▶ REQUIREMENT
Can you transcribe every entry word for word, skipping the images?

=== DATA TO EXAMINE ===

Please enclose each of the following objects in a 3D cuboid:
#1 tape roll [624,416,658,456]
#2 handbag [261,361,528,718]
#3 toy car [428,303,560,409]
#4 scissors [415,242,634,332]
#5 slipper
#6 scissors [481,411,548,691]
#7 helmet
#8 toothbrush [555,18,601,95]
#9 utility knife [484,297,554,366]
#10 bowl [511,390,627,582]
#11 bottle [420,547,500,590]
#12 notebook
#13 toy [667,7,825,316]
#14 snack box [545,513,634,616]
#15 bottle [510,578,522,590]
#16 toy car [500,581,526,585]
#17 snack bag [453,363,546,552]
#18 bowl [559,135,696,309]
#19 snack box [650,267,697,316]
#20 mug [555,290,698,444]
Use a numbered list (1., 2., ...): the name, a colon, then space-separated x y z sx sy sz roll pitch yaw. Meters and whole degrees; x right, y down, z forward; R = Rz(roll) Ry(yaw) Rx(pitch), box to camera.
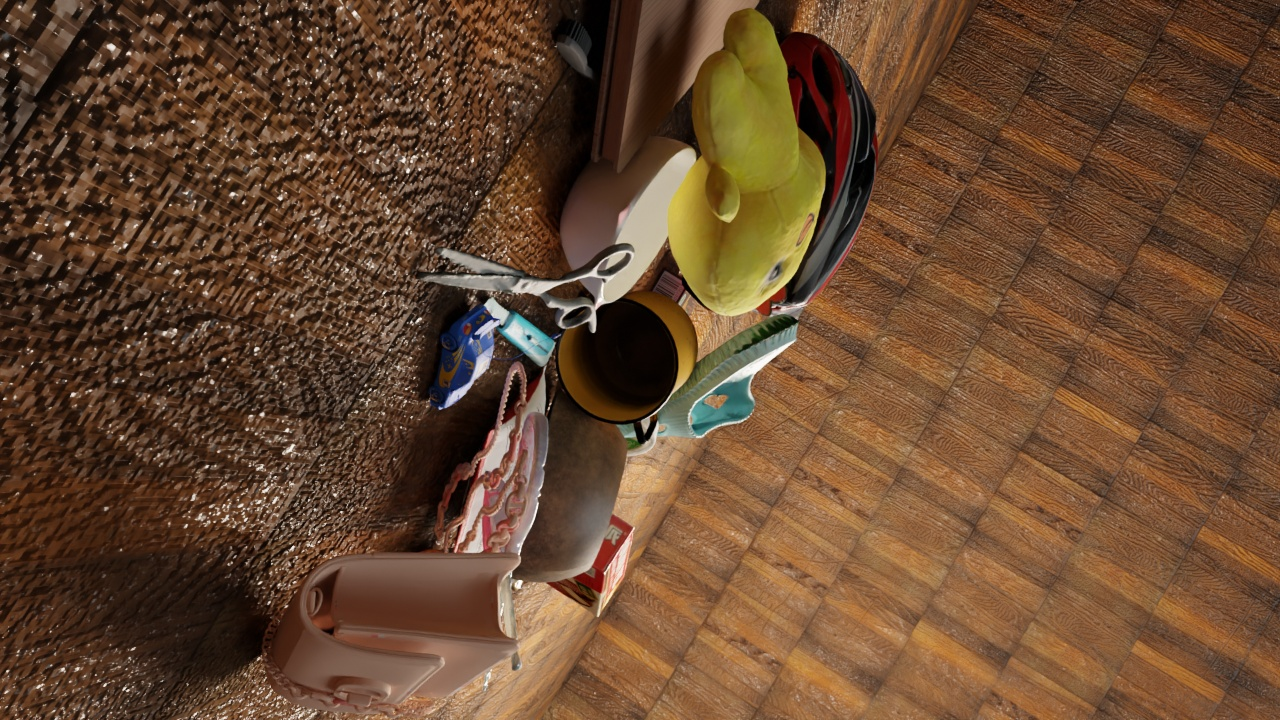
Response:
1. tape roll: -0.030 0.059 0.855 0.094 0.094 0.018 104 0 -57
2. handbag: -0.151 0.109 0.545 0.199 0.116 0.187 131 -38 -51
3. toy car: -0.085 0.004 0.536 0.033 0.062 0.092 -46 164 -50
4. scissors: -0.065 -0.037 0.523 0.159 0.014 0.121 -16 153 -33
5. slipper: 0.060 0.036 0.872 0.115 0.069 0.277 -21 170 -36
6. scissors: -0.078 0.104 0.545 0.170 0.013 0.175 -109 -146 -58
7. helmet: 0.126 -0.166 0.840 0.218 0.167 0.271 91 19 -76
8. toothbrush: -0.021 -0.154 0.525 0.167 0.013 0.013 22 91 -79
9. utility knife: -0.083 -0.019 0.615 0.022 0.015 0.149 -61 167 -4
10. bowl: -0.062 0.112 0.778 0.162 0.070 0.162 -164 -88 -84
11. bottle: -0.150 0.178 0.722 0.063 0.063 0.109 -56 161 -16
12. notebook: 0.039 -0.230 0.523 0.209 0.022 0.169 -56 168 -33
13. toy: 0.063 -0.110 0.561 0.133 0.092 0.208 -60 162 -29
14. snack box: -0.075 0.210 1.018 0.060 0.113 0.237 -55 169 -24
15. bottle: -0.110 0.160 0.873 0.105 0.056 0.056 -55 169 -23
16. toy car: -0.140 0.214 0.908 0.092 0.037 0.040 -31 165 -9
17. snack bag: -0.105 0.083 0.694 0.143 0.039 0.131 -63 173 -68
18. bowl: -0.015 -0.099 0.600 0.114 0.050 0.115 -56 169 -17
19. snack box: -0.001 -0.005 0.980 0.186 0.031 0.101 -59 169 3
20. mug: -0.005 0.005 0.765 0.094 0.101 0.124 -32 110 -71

===

▶ TASK OUTPUT
Please enclose each of the following objects in a 3D cuboid:
#1 tape roll [624,416,658,456]
#2 handbag [261,361,528,718]
#3 toy car [428,303,560,409]
#4 scissors [415,242,634,332]
#5 slipper
#6 scissors [481,411,548,691]
#7 helmet
#8 toothbrush [555,18,601,95]
#9 utility knife [484,297,554,366]
#10 bowl [511,390,627,582]
#11 bottle [420,547,500,590]
#12 notebook
#13 toy [667,7,825,316]
#14 snack box [545,513,634,616]
#15 bottle [510,578,522,590]
#16 toy car [500,581,526,585]
#17 snack bag [453,363,546,552]
#18 bowl [559,135,696,309]
#19 snack box [650,267,697,316]
#20 mug [555,290,698,444]
Use a numbered list (1., 2., ...): the name, a colon, then space-separated x y z sx sy sz roll pitch yaw. Meters and whole degrees; x right, y down, z forward; R = Rz(roll) Ry(yaw) Rx(pitch), box to camera.
Response:
1. tape roll: -0.030 0.059 0.855 0.094 0.094 0.018 104 0 -57
2. handbag: -0.151 0.109 0.545 0.199 0.116 0.187 131 -38 -51
3. toy car: -0.085 0.004 0.536 0.033 0.062 0.092 -46 164 -50
4. scissors: -0.065 -0.037 0.523 0.159 0.014 0.121 -16 153 -33
5. slipper: 0.060 0.036 0.872 0.115 0.069 0.277 -21 170 -36
6. scissors: -0.078 0.104 0.545 0.170 0.013 0.175 -109 -146 -58
7. helmet: 0.126 -0.166 0.840 0.218 0.167 0.271 91 19 -76
8. toothbrush: -0.021 -0.154 0.525 0.167 0.013 0.013 22 91 -79
9. utility knife: -0.083 -0.019 0.615 0.022 0.015 0.149 -61 167 -4
10. bowl: -0.062 0.112 0.778 0.162 0.070 0.162 -164 -88 -84
11. bottle: -0.150 0.178 0.722 0.063 0.063 0.109 -56 161 -16
12. notebook: 0.039 -0.230 0.523 0.209 0.022 0.169 -56 168 -33
13. toy: 0.063 -0.110 0.561 0.133 0.092 0.208 -60 162 -29
14. snack box: -0.075 0.210 1.018 0.060 0.113 0.237 -55 169 -24
15. bottle: -0.110 0.160 0.873 0.105 0.056 0.056 -55 169 -23
16. toy car: -0.140 0.214 0.908 0.092 0.037 0.040 -31 165 -9
17. snack bag: -0.105 0.083 0.694 0.143 0.039 0.131 -63 173 -68
18. bowl: -0.015 -0.099 0.600 0.114 0.050 0.115 -56 169 -17
19. snack box: -0.001 -0.005 0.980 0.186 0.031 0.101 -59 169 3
20. mug: -0.005 0.005 0.765 0.094 0.101 0.124 -32 110 -71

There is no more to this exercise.